Öfke dolu bakışlarını yüzüme sabitledi. "Çocuğumuzun ismine tek başına karar veremezsin. Ve senin benden başka seçeneğin yok" dedi bastırarak. Anlamaz gözlerle bakıyordum çünkü ne dediğini yada neyi kast ettiğini anlamış değildim. Ayaklarımı koltuğun üstüne çıkararak başımı dizlerime yasladım. Yüzü oldukça gergin olduğunu gösteriyordu. Sanırım ortamı yumuşatmam lazımdı. "Pekala, öyle olsun. İstersen olacak bütün çocuklarımızın adını sen koyarsın. Neden bu kadar sinirlendin ki, hem ben çocuk yapmayı düşünmüyorum bile." Son sözlerimi duyduğunda emin değildim. Uyku feci bi'şekilde bastırıyordu.
"Oraya gelmemize daha çok var. Benimle birlikte oldukça fikirlerin değişecektir." Esat'ın sesini uzaktan duyuyormuş gibiydim. Son gördüğüm tebessümle bakan Esat'tı. Ne değişik biriydi.
Hatırladıklarım başımı kuma gömme isteğini uyandırıyordu. Bu kadar çocukça ve saçma davranan ben olamazdım. Karşı koltuğa oturan adama bakmak istemesem de bakışlarım benden bağımsız onu bulmuştu. "Günaydın, erken kalkmışsın öğlene doğru ayaklanırsın diye tahmin ediyordum" dedi uykudan sıyrılmış sesiyle. Allahtan odadan çıkmadan önce saçımı başımı düzeltmiştim yoksa rezilliğime kaldığım yerden devam ederdim. Gerçi kotamı doldurduğuma eminim.

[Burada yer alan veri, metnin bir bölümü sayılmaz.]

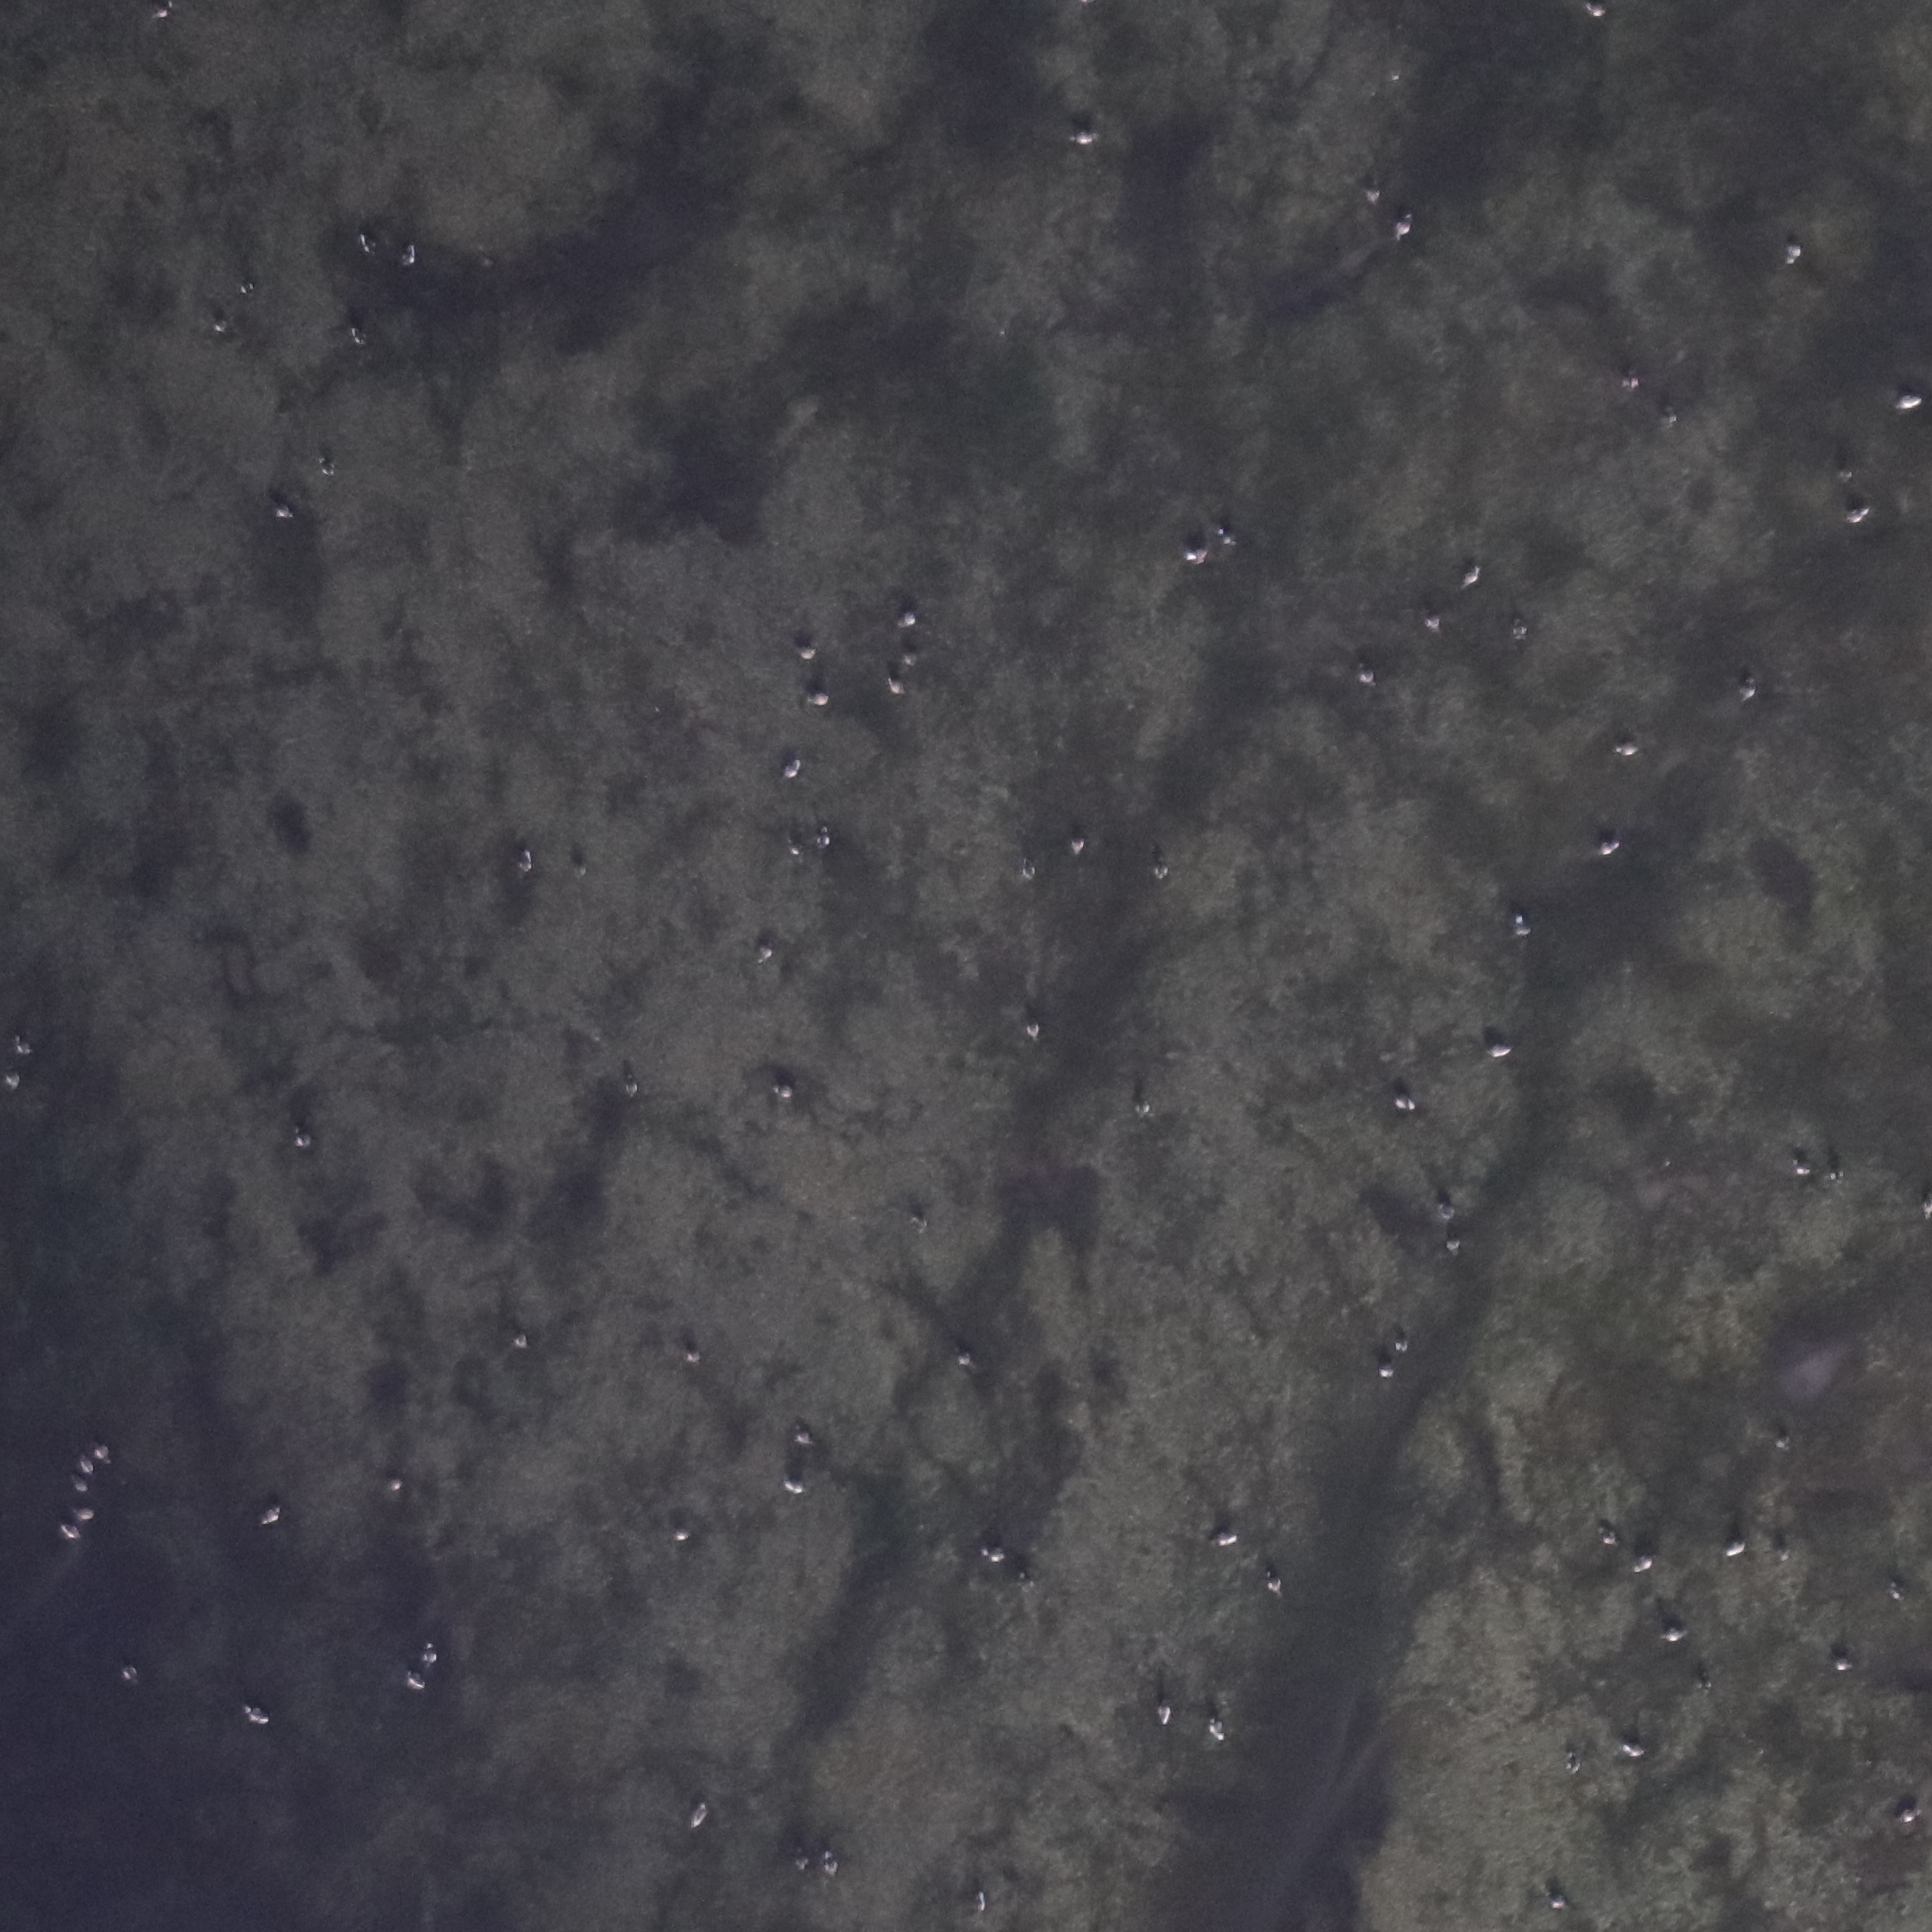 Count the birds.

95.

"Günaydın" diye karşılık verdim. Hafif bir boğaz temizlemesiyle devam ettim. "Öncelikle dün gece benimle uğraşmak zorunda bıraktığım için özür dilerim. Ve beni evime götürmek yerine buraya getirdiğin için de teşekkür ederim" dedim. Gözlerini kısmış bana bakıyordu. Yüz ifadesini okumak mümkün değildi. Umarım hakkımda olumsuz düşünceleri yoktur. "Özre de teşekküre de gerek yok. Seninle ilgilenmek benim vazifem" diye karşılık verdi.
"Gece boyunca neler yaptığını hatırlıyor musun?" diye sorunca domatese dönen yüzümle ortalığa bakındım. Bakışlarımı kaçırmak yaptım bi'şey değildi ama şuan ihtiyacım vardı. Yutkundum, konuyu daha fazla uzatmak istemiyordum. Bu halimi gören Esat, bıyık altından gülmüştü. Hatırladığımı anlamıştı. "Rezilliklerimi dile getirmek istemiyorum" dedim. Rahatsız olduğumu belirtmeme rağmen yüzünde ki gülüş yerini koruyordu. Sabah sabah bu adamın derdi neydi. Ayağa kalkıp, "Müsaadenle odaya çıkacağım. Benim için kıyafet ayarlamanı rica ediyorum." Dedim kaçarcasına.
Arkamdan seslendi ama ben merdivenleri çıkmaya başlamıştım bile. Bir daha kendimi bu duruma düşürürsem köprüden atlama şartı koşuyorum. "Dolaptan kendine uygun eşyalar bulabilirsin. Hepsi sana alındı" Son basamağa geldiğimde Esat'ın sesini tekrar duydum. Odaya tekrar döndüğümde direk elbise dolabını açtım. Dediği gibi etiketli bir çok elbise vardı. Bunları sırf benim için mi aldırmıştı yoksa? Bu hoşuma gitmemeliydi.
Odaya iyice bakındığımda ihtiyacım olan her şey vardı. Özellikle kullandığım ürünlerin çoğunluğu mevcuttu. Bu kesinlikle hoşuma gitmemeliydi. Elim Kulağımda ki Kaplumbağa küpeme gitti, bana şans getirmesini istiyordum. Bu adama karşı nasıl bir tutum sergilemem gerektiğini bilmiyordum. İtiraf etmem zor olsa da akıntısına kapılıp boğulmaktan korkuyordum.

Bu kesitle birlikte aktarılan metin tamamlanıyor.